Levitan also emphasized the importance of the new GreenGrass “OS-like” system.

“GreenGrass can be on the devices and the Snowball Edge, and that’s important because there’s too much latency sending the data up to the cloud,” he said. “In an industrial setting, you need the hardware close by to ingest the large amounts of data these devices produce and then send it up to the cloud for broader analysis.”

Levitan was also excited about Amazon Athena, a new service for running queries on data in AWS S3 that uses standard Structured Query Language (SQL).

“It lets you query S3 directly, which is really big for us,” he said.

Levitan also expressed pleasure with the announcement of four new AWS instance families.

“Some of these new instances will be more powerful for our clients who need that,” he said. “There are simply more options.”

AWS announced a new Rekognition image recognition service, which Levitan said will have strong applicability to some use cases.

“Rekognition is driven by an API so anyone who uses images can use it,” he said. “We have a customer now, who would use this, who use  facial recognition for security,  and who lives on AWS.”

AWS also announced Amazon Lex, deep learning technology which upgrades Alexa, Amazon’s voice-activated virtual assistant as well as the new Amazon Polly text-to-speech service. Levitan acknowledged that the commercial utility of this for TriNimbus today is limited, but that from a broader technology point of view, it is incredibly important.

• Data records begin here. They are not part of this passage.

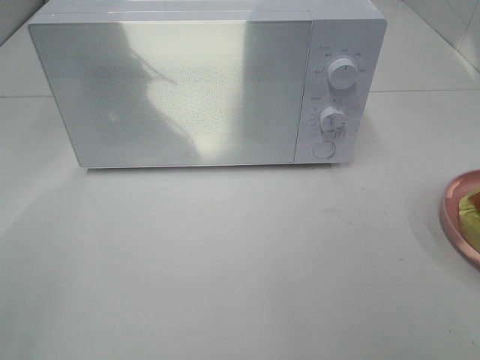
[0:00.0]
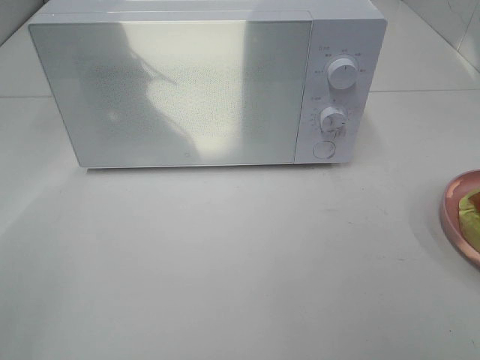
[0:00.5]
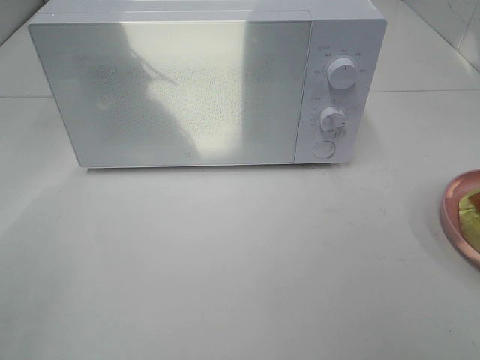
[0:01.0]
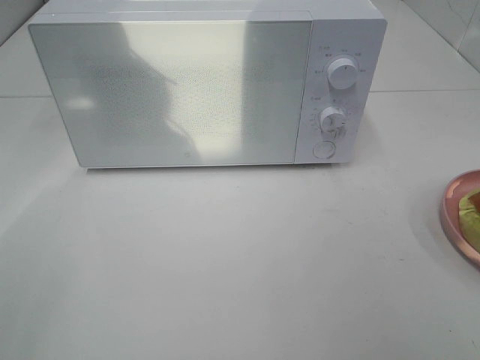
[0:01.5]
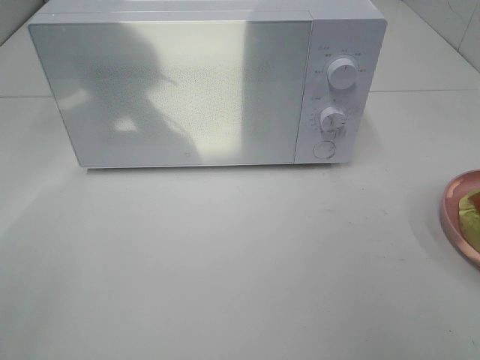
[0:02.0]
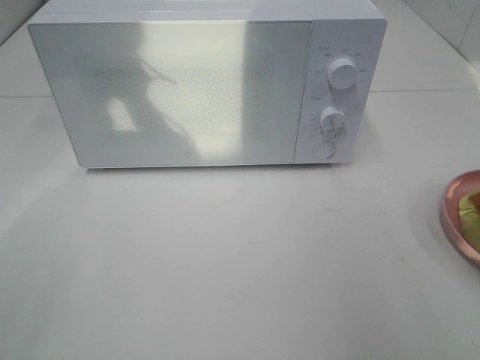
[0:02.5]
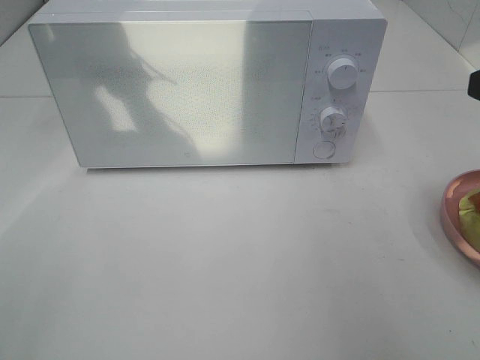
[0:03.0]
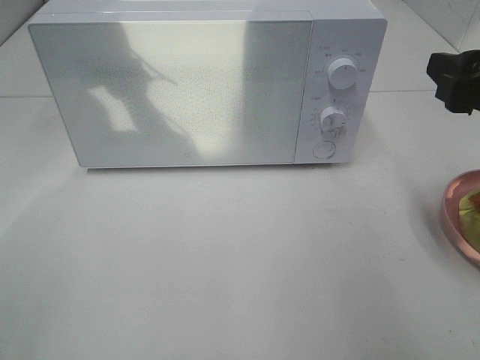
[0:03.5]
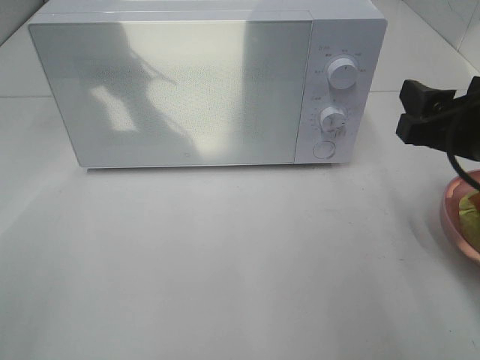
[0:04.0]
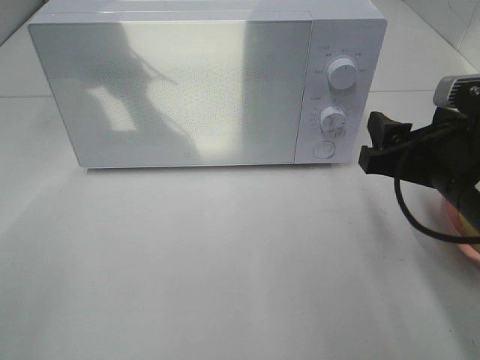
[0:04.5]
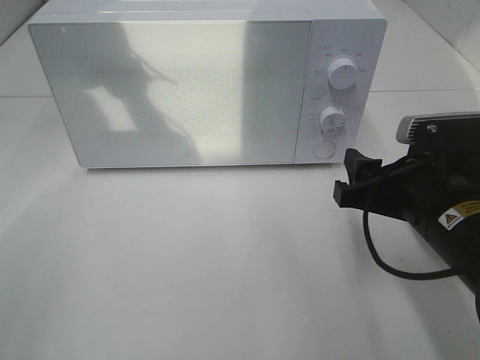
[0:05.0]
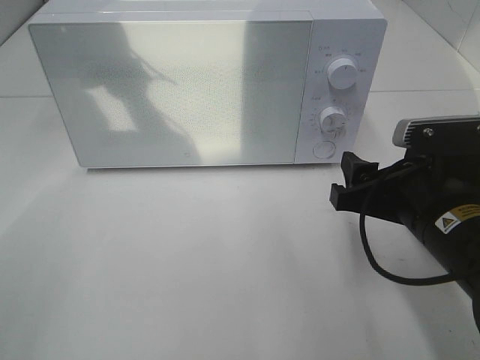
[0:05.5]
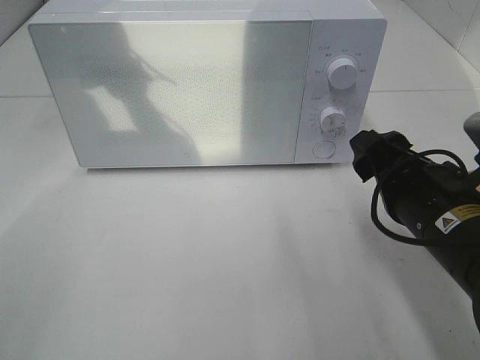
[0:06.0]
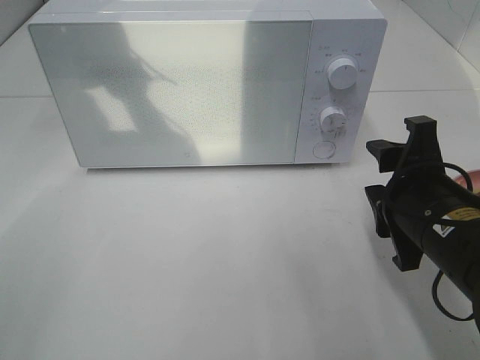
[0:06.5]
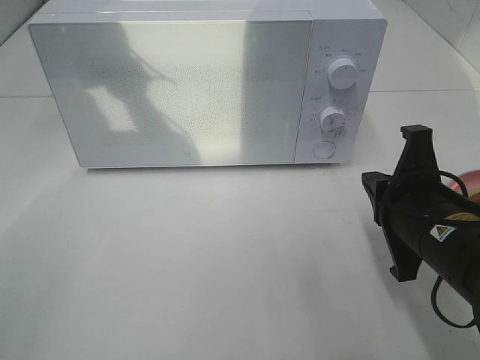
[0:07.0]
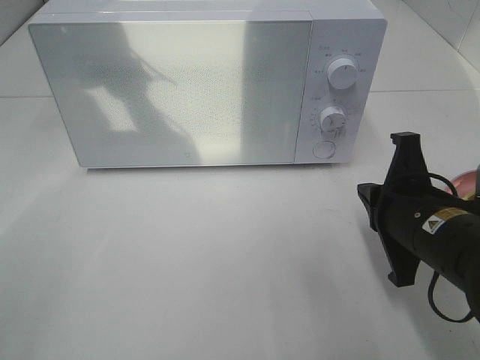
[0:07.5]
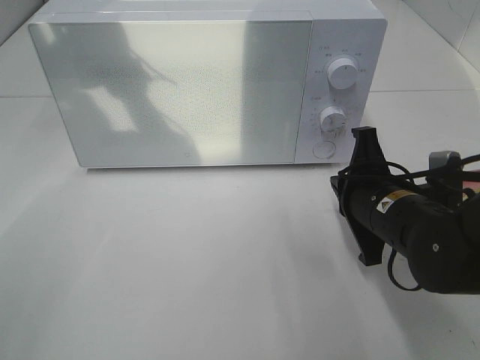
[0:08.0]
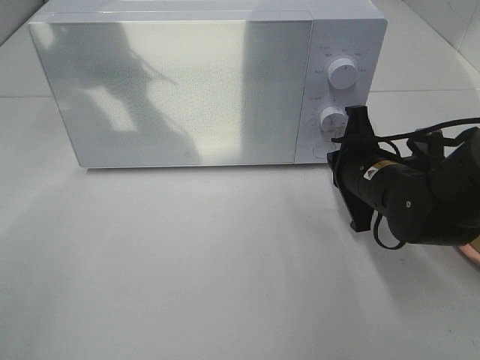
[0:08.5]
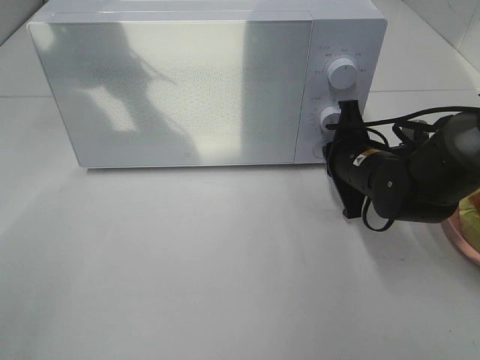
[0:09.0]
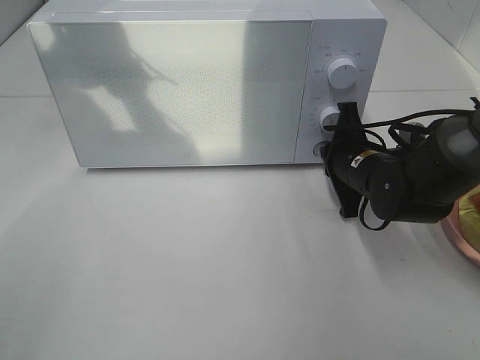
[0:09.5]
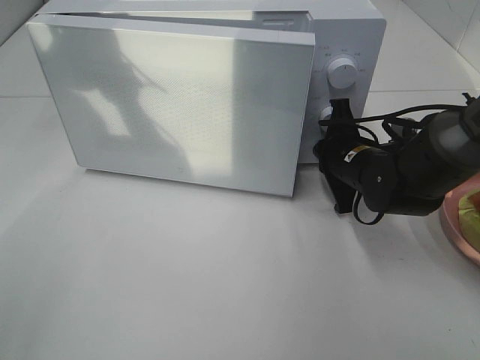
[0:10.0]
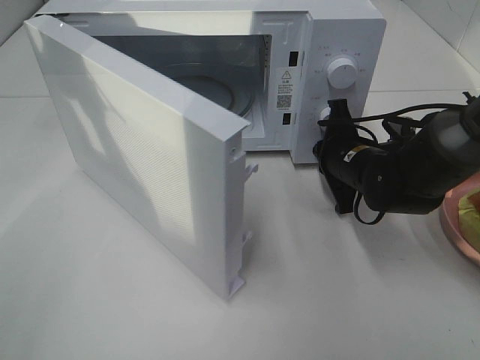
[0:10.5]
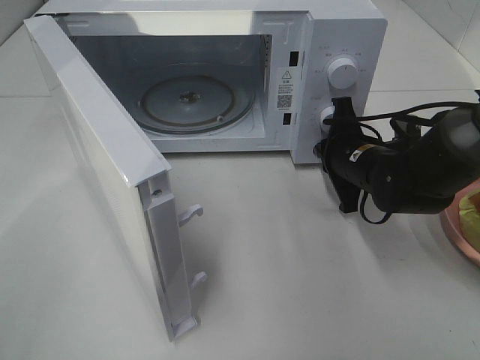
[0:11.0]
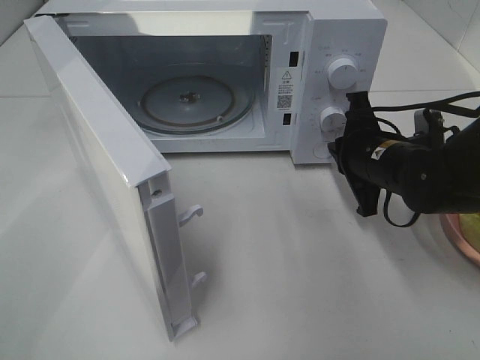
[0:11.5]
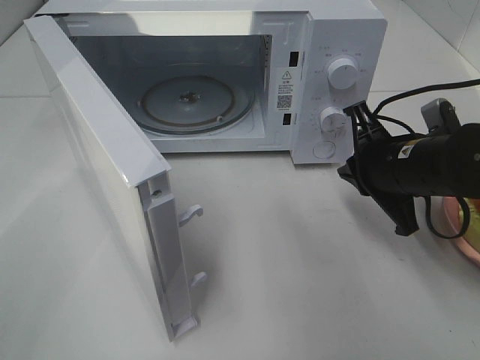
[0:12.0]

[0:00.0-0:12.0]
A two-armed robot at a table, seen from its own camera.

“Alexa is now superpowerful,” he said. “You can speak to it. It can play music, and check the weather. It’s something that any app developer can use now, together with the text-to-speech service. For us as a business, it’s not that important. But for technology it will be huge. I got one of these, when it was Echo, last year at the partner summit, and I didn’t know what it was. I certainly didn’t think Echo would be big. But kids think its cool. And now they’ve opened it up to developers, with its powerful combination of AI, deep learning and ability to communicate with the machine.”